Do anybody see the same message? Do this one (NUMA node = -1) disable the nengo-dl to recognize the GPU?

drasmuss · January 14, 2019, 4:26pm

Could you do

> pip install tensorflow-gpu
> pip install nengo-dl

in a clean environment and post the full output here? Definitely something weird going on if you still aren’t getting GPU support with that.

Sorry for making you do all the legwork, but I can’t reproduce this on my end so have to test your environment specifically.

Do anybody see the same message? Do this one (NUMA node = -1) disable the nengo-dl to recognize the GPU?

I’ve never seen that message before, but it doesn’t seem like that should have anything to do with nengo-dl. nengo-dl doesn’t have any GPU logic of its own, everything is done through tensorflow, so if your tensorflow-gpu is working correctly with that warning message then nengo-dl should work as well.

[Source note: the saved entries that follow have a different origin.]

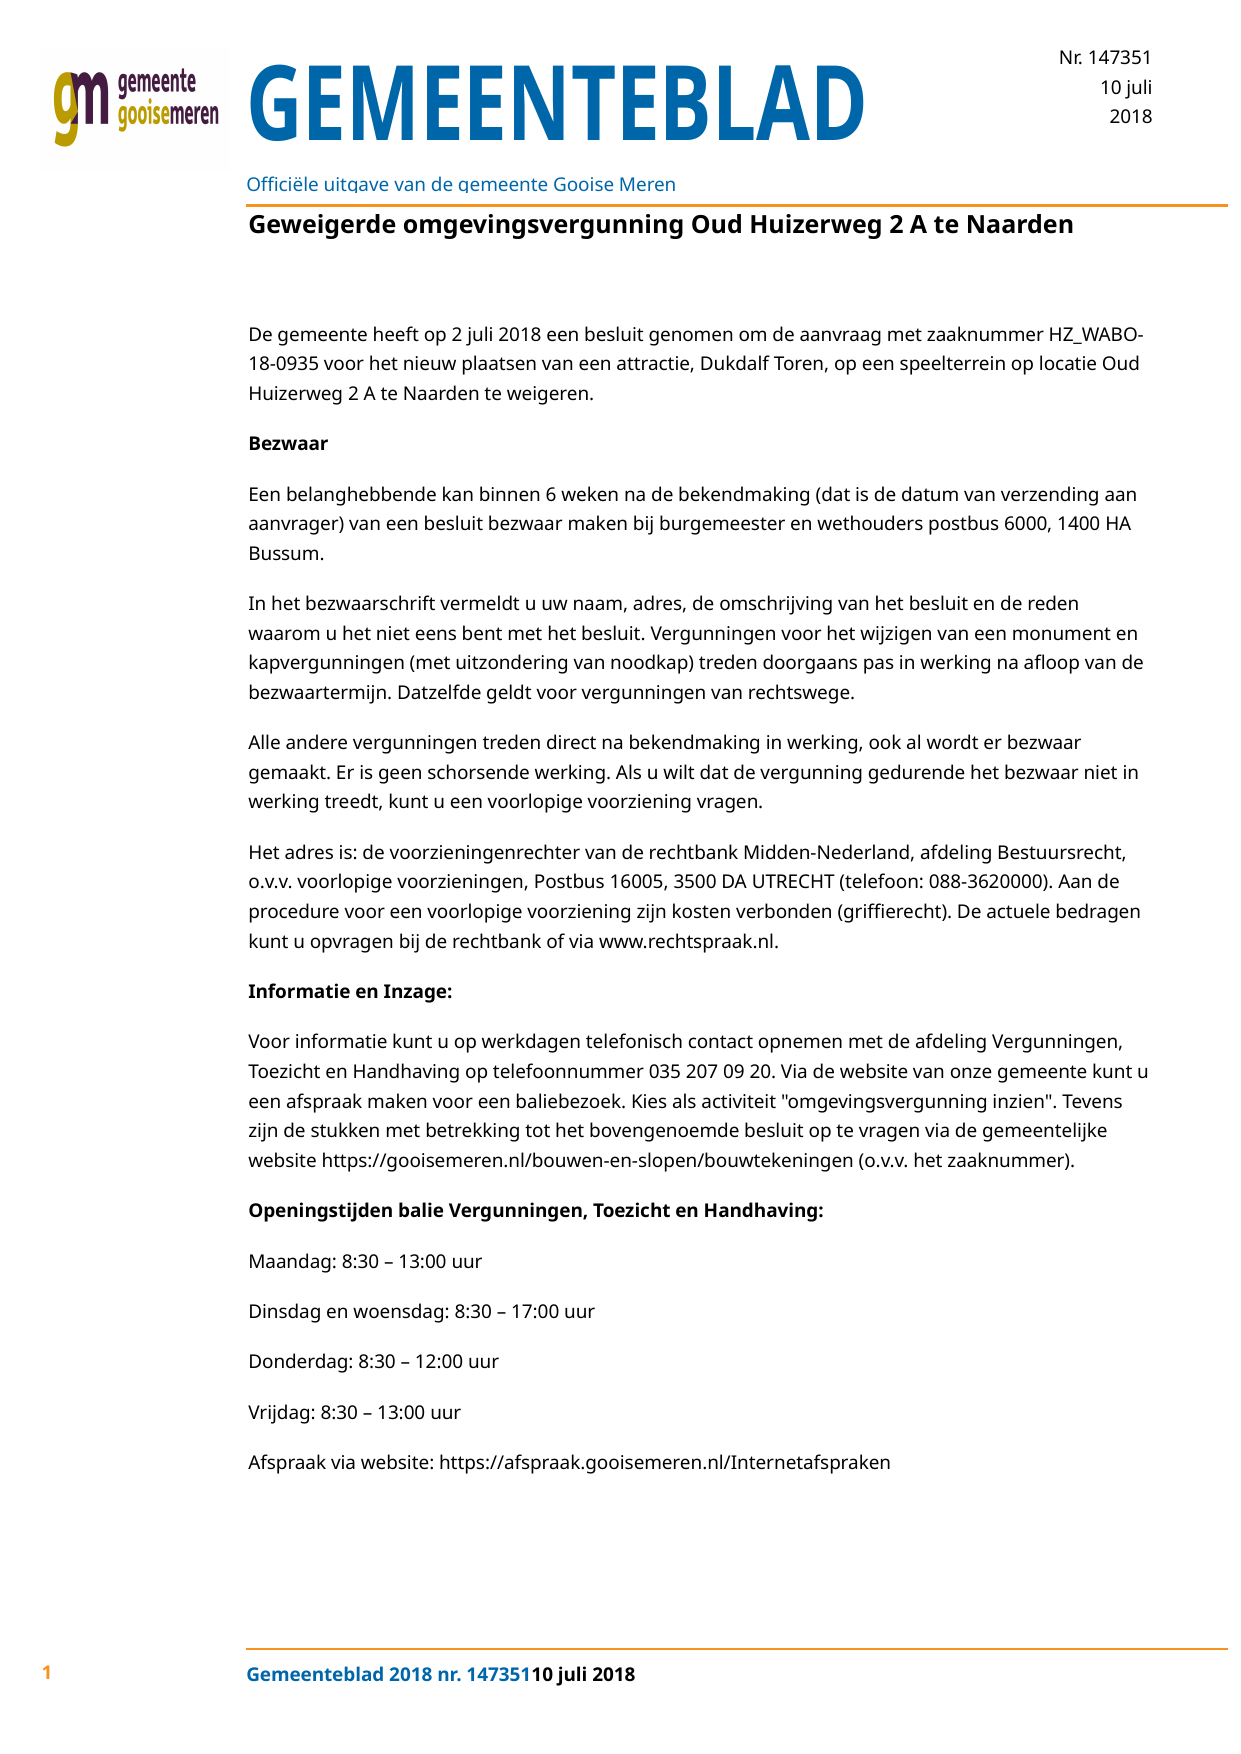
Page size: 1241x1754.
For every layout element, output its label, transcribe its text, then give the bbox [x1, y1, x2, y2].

text Bezwaar [248, 430, 1152, 456]
text Maandag: 8:30 – 13:00 uur [248, 1248, 1152, 1273]
text Informatie en Inzage: [248, 978, 1152, 1004]
text Openingstijden balie Vergunningen, Toezicht en Handhaving: [248, 1197, 1152, 1223]
text In het bezwaarschrift vermeldt u uw naam, adres, de omschrijving van het besluit en de reden waarom u het niet eens bent met het besluit. Vergunningen voor het wijzigen van een monument en kapvergunningen (met uitzondering van noodkap) treden doorgaans pas in werking na afloop van de bezwaartermijn. Datzelfde geldt voor vergunningen van rechtswege. [248, 590, 1152, 705]
text Geweigerde omgevingsvergunning Oud Huizerweg 2 A te Naarden [248, 207, 1152, 241]
picture [41, 47, 231, 172]
text Donderdag: 8:30 – 12:00 uur [248, 1349, 1152, 1374]
text Voor informatie kunt u op werkdagen telefonisch contact opnemen met de afdeling Vergunningen, Toezicht en Handhaving op telefoonnummer 035 207 09 20. Via de website van onze gemeente kunt u een afspraak maken voor een baliebezoek. Kies als activiteit "omgevingsvergunning inzien". Tevens zijn de stukken met betrekking tot het bovengenoemde besluit op te vragen via de gemeentelijke website https://gooisemeren.nl/bouwen-en-slopen/bouwtekeningen (o.v.v. het zaaknummer). [248, 1029, 1152, 1173]
text Het adres is: de voorzieningenrechter van de rechtbank Midden-Nederland, afdeling Bestuursrecht, o.v.v. voorlopige voorzieningen, Postbus 16005, 3500 DA UTRECHT (telefoon: 088-3620000). Aan de procedure voor een voorlopige voorziening zijn kosten verbonden (griffierecht). De actuele bedragen kunt u opvragen bij de rechtbank of via www.rechtspraak.nl. [248, 839, 1152, 953]
text De gemeente heeft op 2 juli 2018 een besluit genomen om de aanvraag met zaaknummer HZ_WABO-18-0935 voor het nieuw plaatsen van een attractie, Dukdalf Toren, op een speelterrein op locatie Oud Huizerweg 2 A te Naarden te weigeren. [248, 321, 1152, 406]
text Vrijdag: 8:30 – 13:00 uur [248, 1399, 1152, 1425]
text Alle andere vergunningen treden direct na bekendmaking in werking, ook al wordt er bezwaar gemaakt. Er is geen schorsende werking. Als u wilt dat de vergunning gedurende het bezwaar niet in werking treedt, kunt u een voorlopige voorziening vragen. [248, 729, 1152, 814]
text Een belanghebbende kan binnen 6 weken na de bekendmaking (dat is de datum van verzending aan aanvrager) van een besluit bezwaar maken bij burgemeester en wethouders postbus 6000, 1400 HA Bussum. [248, 481, 1152, 566]
text Afspraak via website: https://afspraak.gooisemeren.nl/Internetafspraken [248, 1449, 1152, 1475]
text Dinsdag en woensdag: 8:30 – 17:00 uur [248, 1298, 1152, 1324]
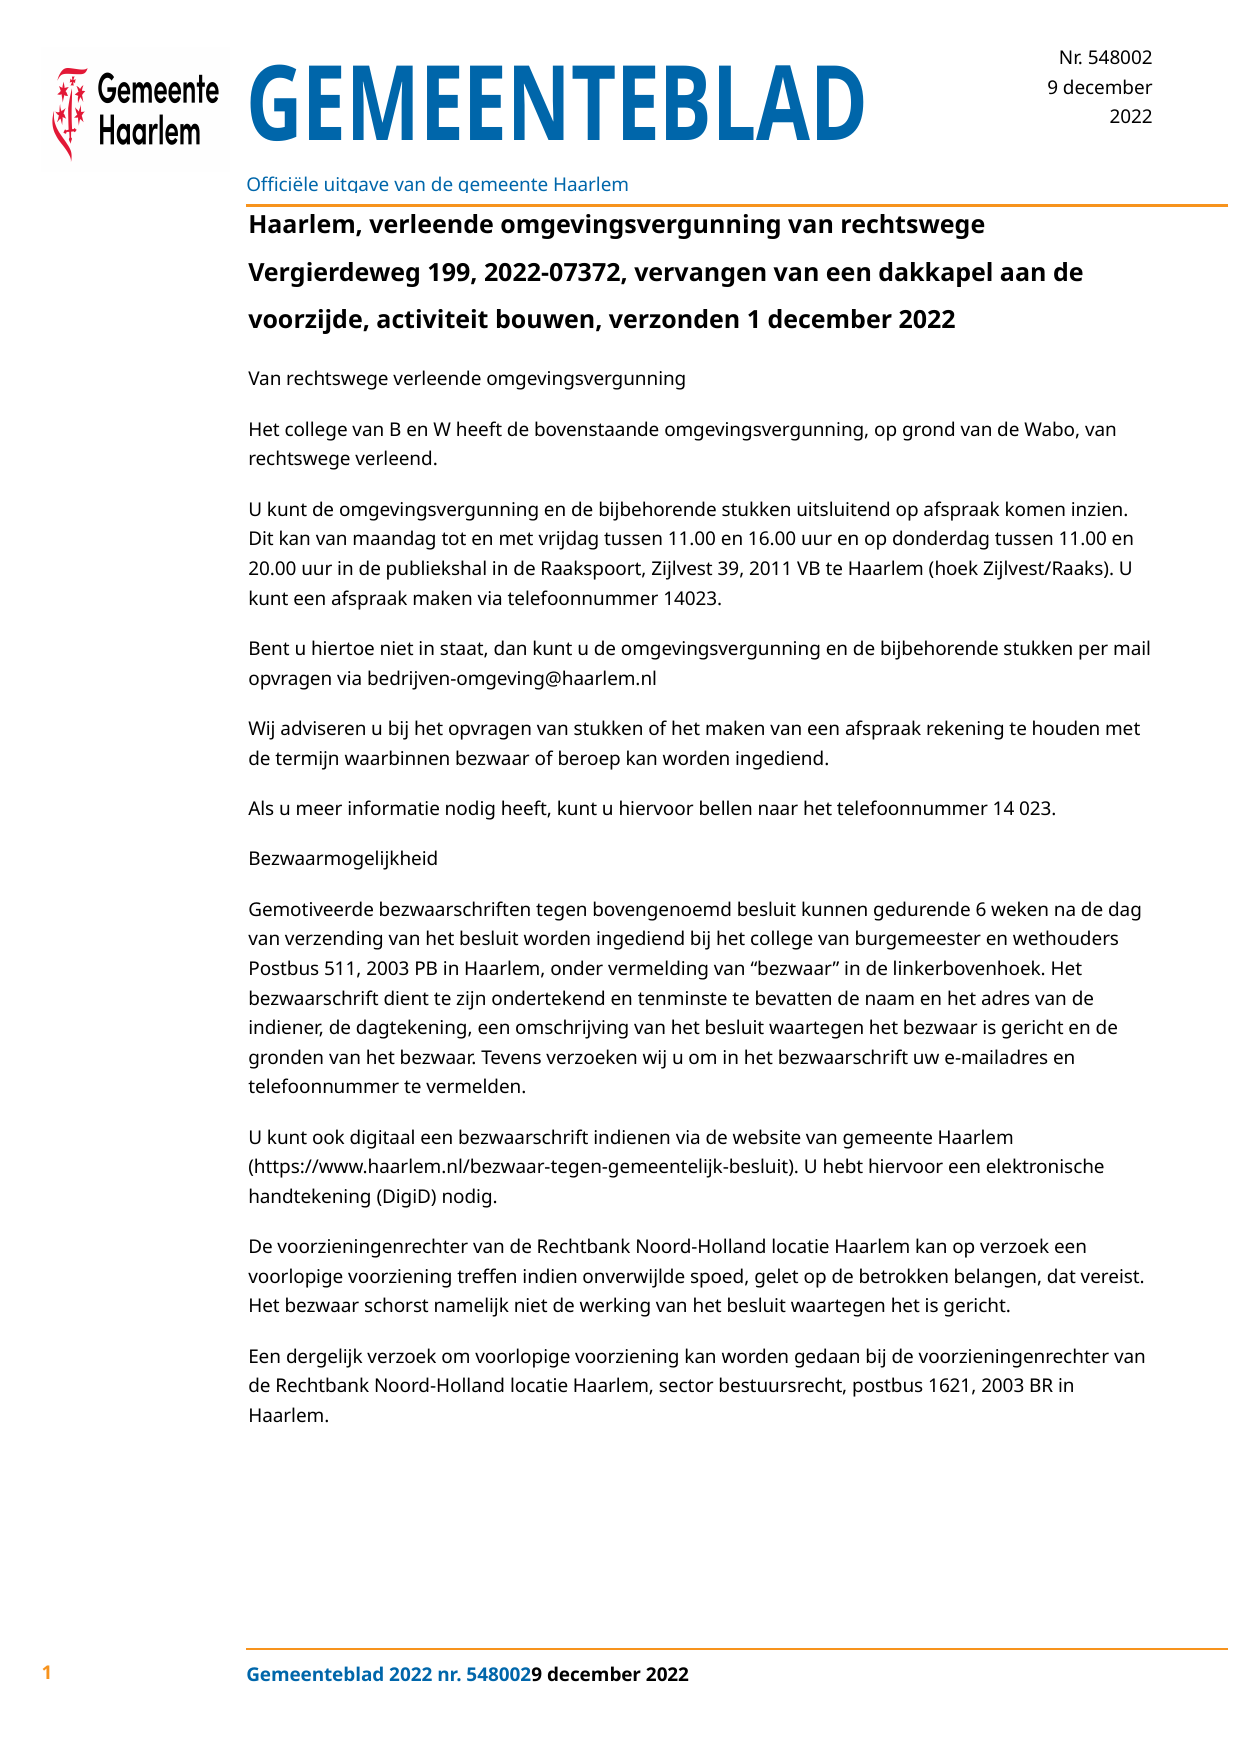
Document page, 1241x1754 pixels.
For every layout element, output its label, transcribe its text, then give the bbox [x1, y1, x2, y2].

picture [41, 47, 231, 172]
text Het college van B en W heeft de bovenstaande omgevingsvergunning, op grond van de Wabo, van rechtswege verleend. [248, 416, 1152, 471]
text Van rechtswege verleende omgevingsvergunning [248, 366, 1152, 391]
text Haarlem, verleende omgevingsvergunning van rechtswege Vergierdeweg 199, 2022-07372, vervangen van een dakkapel aan de voorzijde, activiteit bouwen, verzonden 1 december 2022 [248, 207, 1152, 336]
text Als u meer informatie nodig heeft, kunt u hiervoor bellen naar het telefoonnummer 14 023. [248, 795, 1152, 821]
text Bezwaarmogelijkheid [248, 846, 1152, 871]
text U kunt de omgevingsvergunning en de bijbehorende stukken uitsluitend op afspraak komen inzien. Dit kan van maandag tot en met vrijdag tussen 11.00 en 16.00 uur en op donderdag tussen 11.00 en 20.00 uur in de publiekshal in de Raakspoort, Zijlvest 39, 2011 VB te Haarlem (hoek Zijlvest/Raaks). U kunt een afspraak maken via telefoonnummer 14023. [248, 496, 1152, 610]
text Een dergelijk verzoek om voorlopige voorziening kan worden gedaan bij de voorzieningenrechter van de Rechtbank Noord-Holland locatie Haarlem, sector bestuursrecht, postbus 1621, 2003 BR in Haarlem. [248, 1343, 1152, 1428]
text Bent u hiertoe niet in staat, dan kunt u de omgevingsvergunning en de bijbehorende stukken per mail opvragen via bedrijven-omgeving@haarlem.nl [248, 635, 1152, 690]
text Gemotiveerde bezwaarschriften tegen bovengenoemd besluit kunnen gedurende 6 weken na de dag van verzending van het besluit worden ingediend bij het college van burgemeester en wethouders Postbus 511, 2003 PB in Haarlem, onder vermelding van “bezwaar” in de linkerbovenhoek. Het bezwaarschrift dient te zijn ondertekend en tenminste te bevatten de naam en het adres van de indiener, de dagtekening, een omschrijving van het besluit waartegen het bezwaar is gericht en de gronden van het bezwaar. Tevens verzoeken wij u om in het bezwaarschrift uw e-mailadres en telefoonnummer te vermelden. [248, 896, 1152, 1099]
text De voorzieningenrechter van de Rechtbank Noord-Holland locatie Haarlem kan op verzoek een voorlopige voorziening treffen indien onverwijlde spoed, gelet op de betrokken belangen, dat vereist. Het bezwaar schorst namelijk niet de werking van het besluit waartegen het is gericht. [248, 1233, 1152, 1318]
text U kunt ook digitaal een bezwaarschrift indienen via de website van gemeente Haarlem (https://www.haarlem.nl/bezwaar-tegen-gemeentelijk-besluit). U hebt hiervoor een elektronische handtekening (DigiD) nodig. [248, 1124, 1152, 1209]
text Wij adviseren u bij het opvragen van stukken of het maken van een afspraak rekening te houden met de termijn waarbinnen bezwaar of beroep kan worden ingediend. [248, 715, 1152, 770]

TKC_RC · January 15, 2019, 4:36pm

I have fixed the problem now. Thank you everybody for the help.
The root cause of the problem is the cuda-10 on the host system.
As using nvidia-docker, the container shows the cuda version = 9.0.
tensorflow-gpu works fine before install nengo-dl.
However, after install the nengo-dl, both tf-gpu and nengo-dl only work on CPU model.
After downgrade the cuda (version = 9.0) on the host system, everything works fine.
Thanks again.